PyTorch Multi-Class Classification Using MSELoss and One-Hot Encoded Data

Until relatively recently, the traditional way to do multi-class classification with a neural network is to 1.) encode the data file labels-to-predict using one-hot encoding (like “0, 1, 0” or “1, 0, 0”), 2.) make a neural network with softmax activation on the output nodes, 3.) train using mean squared error.

But by far the most common way to do multi-class classification with a PyTorch network is to 1.) encode the data file labels-to-predict using ordinal encoding (like “0” or “1” or “2”), 2.) make a neural network with no activation on the output nodes, 3.) train using the special CrossEntropyLoss() function.

I recently explored creating a PyTorch multi-class classifier using the older traditional approach using mean squared error. While I was coding that experiment I realized that an efficient variation would be to use an ordinal encoded data file rather than a one-hot encoded file, then when reading the data into memory, programmatically convert the ordinal values to one-hot vectors.

To cut to the chase, the idea worked as expected.

Left: A program that uses MSELoss() with one-hot encoded data. Right: A program that uses MSELoss() with ordinal encoded data that is programmatically converted to one-hot vectors in memory. Both programs give identical results, which is what should happen.

I implemented the idea for the Iris data where there are four predictor variables and three species to predict. The key to the idea was implementing a PyTorch Dataset object to read the ordinal encoded data, and convert it to one-hot encoded tensor data:

class IrisDataset(T.utils.data.Dataset):
  def __init__(self, src_file, num_rows=None):
    # like 5.0, 3.5, 1.3, 0.3, 2
    # convert ordinal label to one-hot vectot
    tmp_x_data = np.loadtxt(src_file, max_rows=num_rows,
      usecols=range(0,4), delimiter=",", skiprows=0,
      dtype=np.float32)
    tmp_y_data = np.loadtxt(src_file, max_rows=num_rows,
      usecols=[4], delimiter=",", skiprows=0,
      dtype=np.int64)

    self.x_data = T.tensor(tmp_x_data,
      dtype=T.float32).to(device)

    n_rows = len(tmp_y_data)
    n_cols = 3
    dims = (n_rows, n_cols)
    self.y_data = T.zeros(dims,
      dtype=T.float32).to(device)
    for i in range(n_rows):
      j = tmp_y_data[i]  # the ord value 0, 1, or 2
      self.y_data[i][j] = 1.0

    self.num_rows=n_rows 

  def __len__(self):
    return self.num_rows

  def __getitem__(self, idx):
    if T.is_tensor(idx):
      idx = idx.tolist()
    
    preds = self.x_data[idx]
    spcs = self.y_data[idx]
    sample = { 'predictors' : preds, 'species' : spcs }

    return sample

There isn’t much code in the Dataset class but it’s surprisingly tricky in the details. The indirect moral of the story is this: Any successful project or company or effort needs people who see “the big picture” — the idea people. But success only happens with execution. Especially in tech companies, it’s easy to come up with a big idea, but it’s never easy to write the code to make that idea come to life.

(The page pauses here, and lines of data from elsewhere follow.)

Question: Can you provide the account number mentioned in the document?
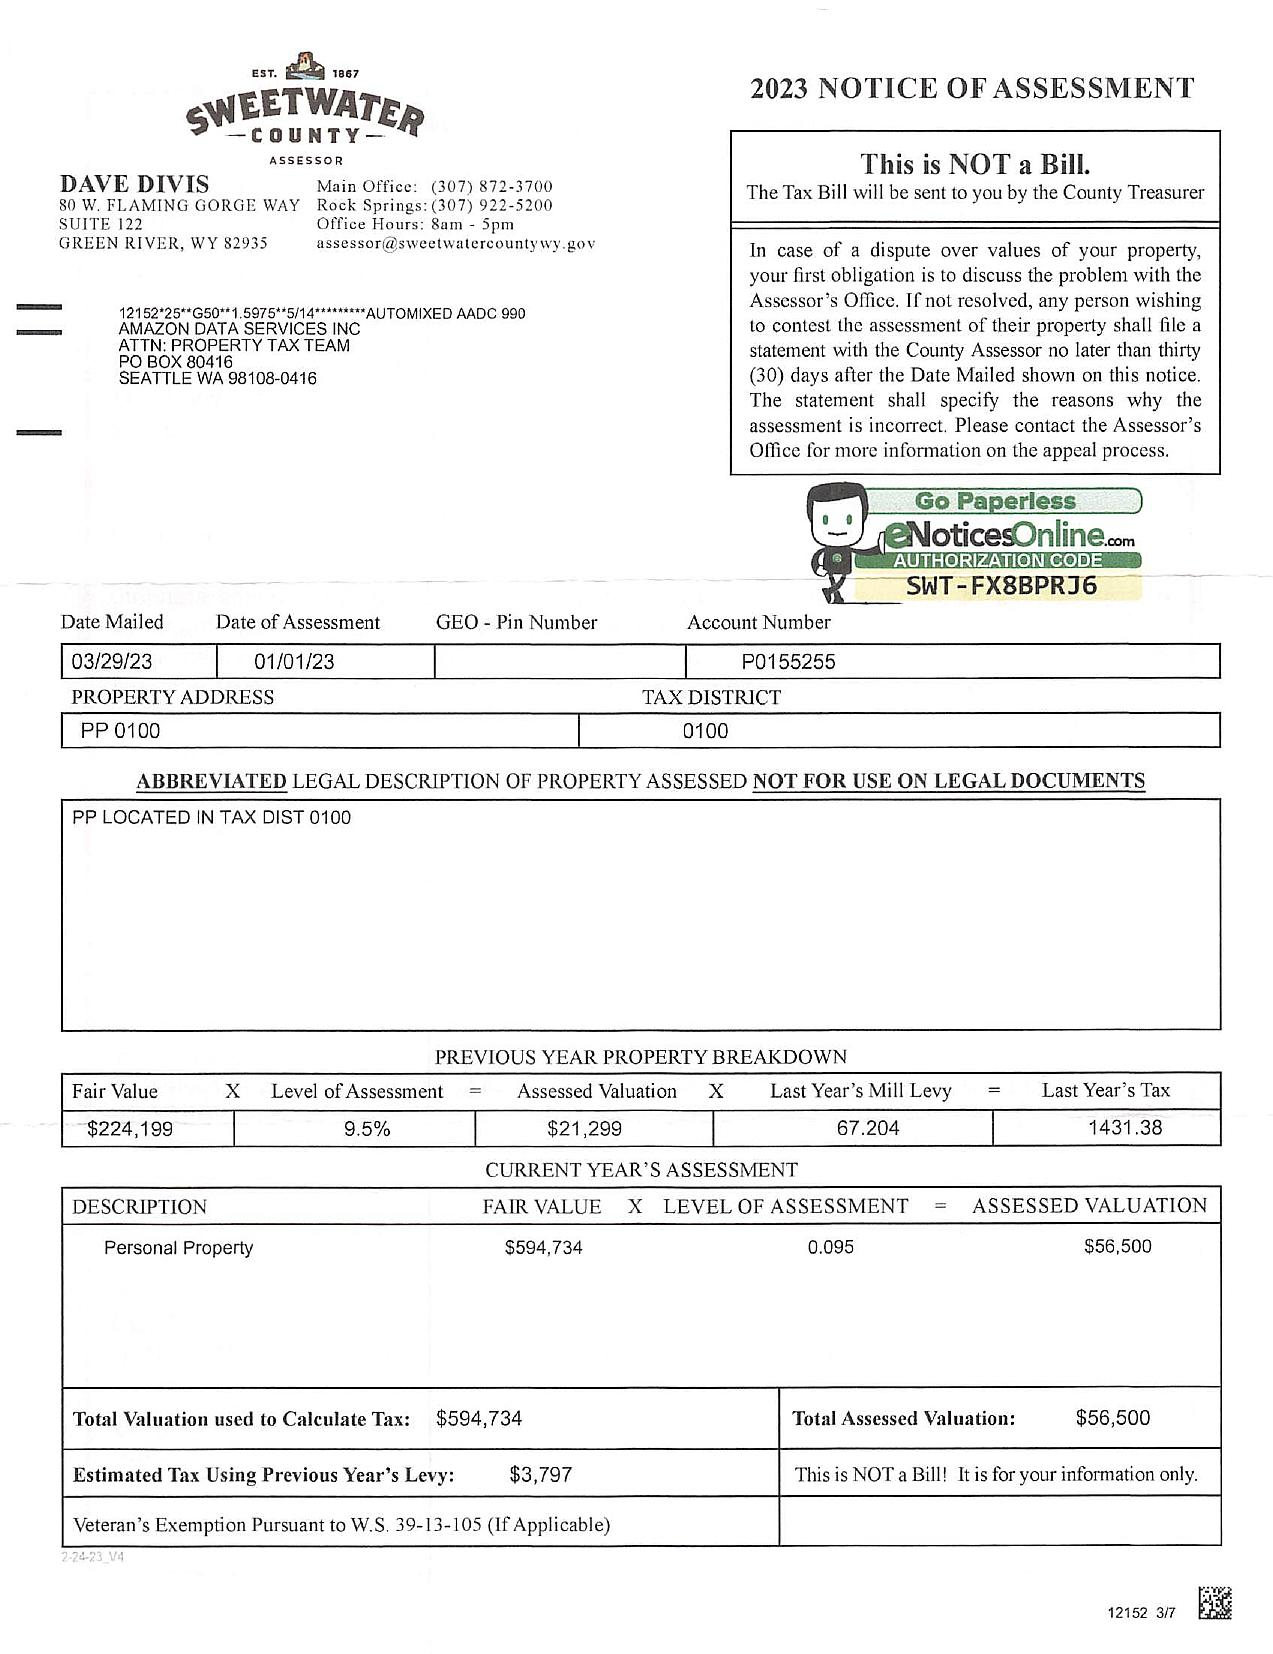
Answer: "P0155255"
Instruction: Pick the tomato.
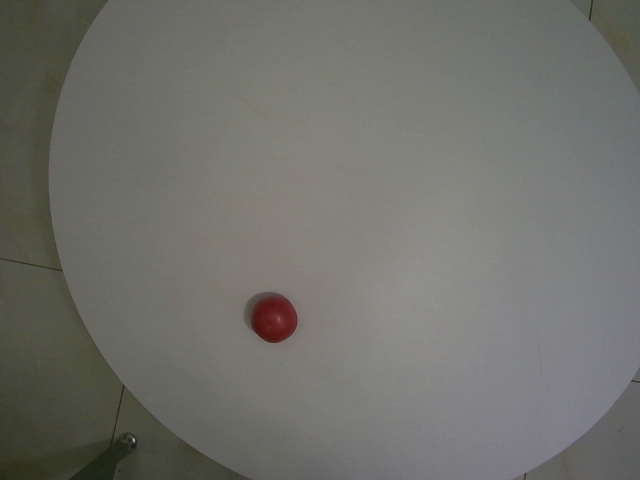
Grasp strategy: vertical
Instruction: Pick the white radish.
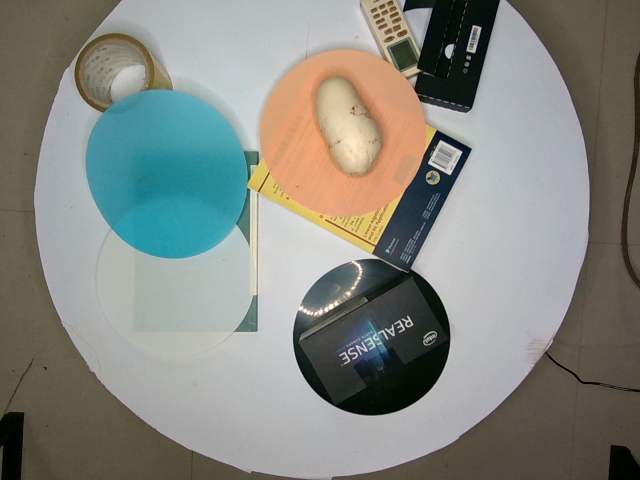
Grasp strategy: vertical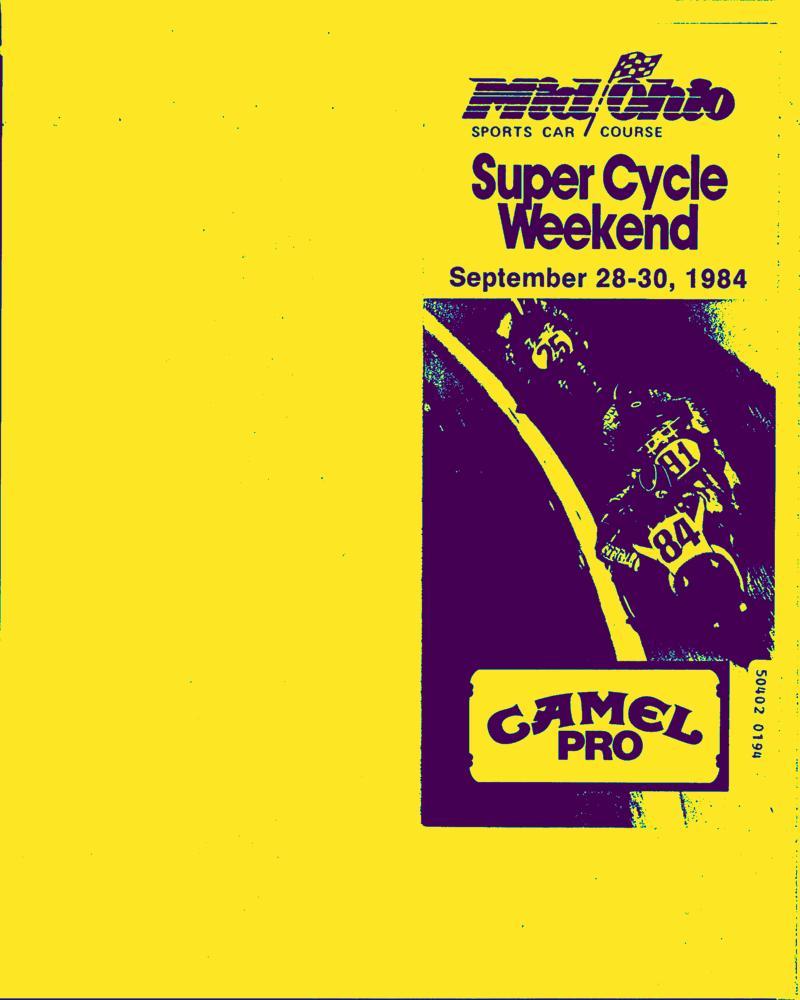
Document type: AD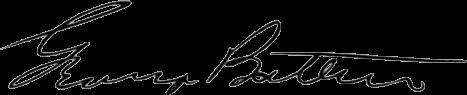
Signature of: george batten

Two somewhat enigmatic illustrations by Japanese artist Ichiro Tsuruta (1954-). He is known for “bijinga” (meaning beautiful female figure) works like these. It’s easy for someone to think of creating an illustration like any of these, but it’s another matter to execute. I don’t find these illustrations particularly appealing, but I have great respect for the effort required to create them.